Il problema, però, è sempre quello: la linea Draghi è fortemente condizionata dalla linea tedesca, ovvero aiuti solo in cambio di austerità. Il problema è che l’austerità, se attuata, come sta avvenendo, in contemporanea in Paesi fortemente integrati tra loro, porta solo a ulteriori buchi di bilancio: basti vedere a come le crisi di Portogallo, Irlanda e soprattutto Grecia siano state brillantemente risolte. Va però ricordato che Spagna e Italia non sono economie minuscole come le prime tre: soprattutto per l’Italia, se dovesse finire in difficoltà, la sua montagna di debito pubblico travolgerebbe in un niente l’Europa. Quasi inutile ripeterlo: è necessario che l’Europa faccia squadra, senza che i primi della classe (che pure hanno i propri scheletri nell’armadio) invochino punizioni per segnalare una superiorità spesso inesistente. È vero che il Sud Europa ha esagerato con il lassismo, ma la risposta non è un’austerità suicida, ma un fisco europeo, ovvero più Unione Europea, più coerente nelle sue decisioni rispetto alle parodie di accordi che ai vertici europei, ogni volta decisivi, ogni volta farlocchi.
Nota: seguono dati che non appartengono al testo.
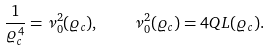<formula> <loc_0><loc_0><loc_500><loc_500>\frac { 1 } { \varrho _ { c } ^ { 4 } } = \nu _ { 0 } ^ { 2 } ( \varrho _ { c } ) , \quad \nu _ { 0 } ^ { 2 } ( \varrho _ { c } ) = 4 Q L ( \varrho _ { c } ) .</formula> 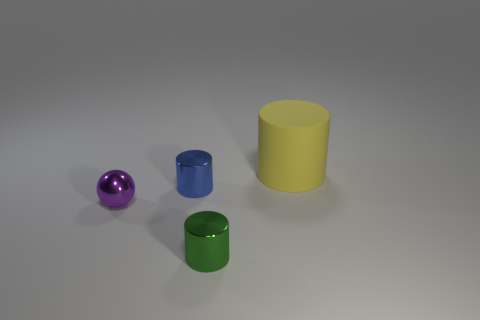Add 1 blue cylinders. How many objects exist? 5 Subtract all balls. How many objects are left? 3 Subtract 0 red balls. How many objects are left? 4 Subtract all small blue metallic objects. Subtract all tiny matte objects. How many objects are left? 3 Add 1 tiny blue cylinders. How many tiny blue cylinders are left? 2 Add 4 small cyan metallic cubes. How many small cyan metallic cubes exist? 4 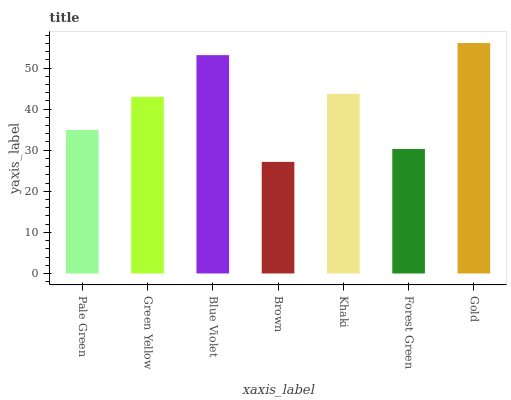Is Brown the minimum?
Answer yes or no. Yes. Is Gold the maximum?
Answer yes or no. Yes. Is Green Yellow the minimum?
Answer yes or no. No. Is Green Yellow the maximum?
Answer yes or no. No. Is Green Yellow greater than Pale Green?
Answer yes or no. Yes. Is Pale Green less than Green Yellow?
Answer yes or no. Yes. Is Pale Green greater than Green Yellow?
Answer yes or no. No. Is Green Yellow less than Pale Green?
Answer yes or no. No. Is Green Yellow the high median?
Answer yes or no. Yes. Is Green Yellow the low median?
Answer yes or no. Yes. Is Brown the high median?
Answer yes or no. No. Is Khaki the low median?
Answer yes or no. No. 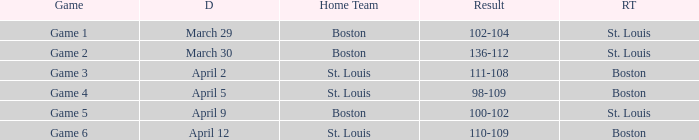Parse the full table. {'header': ['Game', 'D', 'Home Team', 'Result', 'RT'], 'rows': [['Game 1', 'March 29', 'Boston', '102-104', 'St. Louis'], ['Game 2', 'March 30', 'Boston', '136-112', 'St. Louis'], ['Game 3', 'April 2', 'St. Louis', '111-108', 'Boston'], ['Game 4', 'April 5', 'St. Louis', '98-109', 'Boston'], ['Game 5', 'April 9', 'Boston', '100-102', 'St. Louis'], ['Game 6', 'April 12', 'St. Louis', '110-109', 'Boston']]} What Game had a Result of 136-112? Game 2. 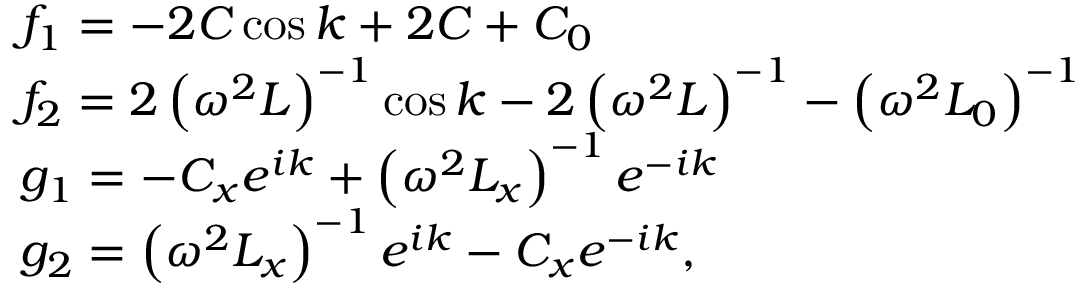Convert formula to latex. <formula><loc_0><loc_0><loc_500><loc_500>\begin{array} { r l } & { f _ { 1 } = - 2 C \cos k + 2 C + C _ { 0 } } \\ & { f _ { 2 } = 2 \left ( \omega ^ { 2 } L \right ) ^ { - 1 } \cos k - 2 \left ( \omega ^ { 2 } L \right ) ^ { - 1 } - \left ( \omega ^ { 2 } L _ { 0 } \right ) ^ { - 1 } } \\ & { g _ { 1 } = - C _ { x } e ^ { i k } + \left ( \omega ^ { 2 } L _ { x } \right ) ^ { - 1 } e ^ { - i k } } \\ & { g _ { 2 } = \left ( \omega ^ { 2 } L _ { x } \right ) ^ { - 1 } e ^ { i k } - C _ { x } e ^ { - i k } , } \end{array}</formula>

Per quanto riguarda l’agenda macroeconomica della prossima settimana, lunedì si attende che Ben Bernanke, capo della Federal Reserve USA, confermi quanto detto mercoledì, ovvero che la Fed attende novità dal fronte macroeconomico prima di decidere nuove azioni. Martedì conosceremo il dato della produzione industriale (prevista ancora in calo) e la stima preliminare del PIL italiani: anche quest’ultimo dovrebbe continuare la sua caduta, con un -0,6% trimestrale e un -2,3% annuale attesi dagli analisti. Anche la Gran Bretagna renderà noto il dato sulla produzione industriale, e anche qui le tinte sono fosche. La Germania, invece, dovrebbe vedere un peggioramento negli ordini all’industria. Alla sera, nuovo intervento pubblico di Bernanke.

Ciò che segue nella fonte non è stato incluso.